To use the Descriptive Statistics tool, you must first have installed the Data Analysis add-in. Once this
add-in is installed from the Office disc and made available to Excel,
you’ll find it in the Analysis group on the Ribbon’s Data tab.
Once the add-in is
installed and available, click Data Analysis in the Data tab’s Analysis
group, and choose Descriptive Statistics from the Data Analysis list
box. Click OK to get the Descriptive Statistics dialog box shown in Figure 5.
Note
To handle several variables at
once, arrange them in a list or table structure, enter the entire range
address in the Input Range box, and click Grouped by Columns.
To get descriptive statistics
such as the mean, skewness, count, and so on, be sure to fill the
Summary Statistics check box. To get the confidence interval, fill the
Confidence Level for Mean check box and enter a confidence level such as
90, 95, or 99 in the associated edit box.
If your data has a header cell
and you have included it in the Input Range edit box, fill the Labels
check box; this informs Excel to use that value as a label in the output
and not to try to use it as an input value.
When you click OK, you get output that resembles the report shown in Figure 6.
Notice that the value in cell D16 is the same as the value in cell G2 of Figure 4. The value 11.17 is what you add and subtract from the sample mean to get the full confidence interval.
The output label for the confidence interval is mildly misleading.

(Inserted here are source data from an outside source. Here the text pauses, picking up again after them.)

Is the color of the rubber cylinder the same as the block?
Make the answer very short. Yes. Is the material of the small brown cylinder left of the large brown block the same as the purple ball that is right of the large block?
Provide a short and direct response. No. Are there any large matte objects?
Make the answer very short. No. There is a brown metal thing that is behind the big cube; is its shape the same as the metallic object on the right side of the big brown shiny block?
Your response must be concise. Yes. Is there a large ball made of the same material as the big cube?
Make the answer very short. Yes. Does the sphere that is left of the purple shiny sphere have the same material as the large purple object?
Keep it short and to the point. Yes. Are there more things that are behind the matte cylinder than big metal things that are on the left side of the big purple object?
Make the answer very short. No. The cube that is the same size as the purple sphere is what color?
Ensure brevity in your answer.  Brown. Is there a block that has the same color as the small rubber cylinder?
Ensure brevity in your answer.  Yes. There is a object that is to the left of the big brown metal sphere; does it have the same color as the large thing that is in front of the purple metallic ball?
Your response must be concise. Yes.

Using standard terminology, the confidence level
is not the value you use to get the full confidence interval (here,
11.17); rather, it is the probability (or, equivalently, the area under
the curve) that you choose as a measure of the precision of your
estimate and the likelihood that the confidence interval is one that
captures the population mean. In Figure 6, the confidence level is 95%.

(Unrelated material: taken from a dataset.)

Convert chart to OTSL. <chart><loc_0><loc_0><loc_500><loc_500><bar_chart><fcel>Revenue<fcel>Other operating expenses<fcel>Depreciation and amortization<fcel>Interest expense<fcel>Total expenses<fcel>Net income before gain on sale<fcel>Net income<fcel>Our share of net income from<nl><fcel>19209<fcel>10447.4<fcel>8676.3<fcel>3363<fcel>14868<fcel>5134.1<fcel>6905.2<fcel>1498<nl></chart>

Confidence Intervals and Hypothesis Testing
Both conceptually and
mathematically, confidence intervals are closely related to hypothesis
testing. You often test a
hypothesis about a sample mean and some theoretical number, or about the
difference between the means of two different samples. In cases like
those you might use the normal distribution or the closely related
t-distribution to make a statement such as, “The null hypothesis is
rejected; the probability that the two means come from the same
distribution is less than 0.05.”
That statement is in effect
the same as saying, “The mean of the second sample is outside a 95%
confidence interval constructed around the mean of the first sample.”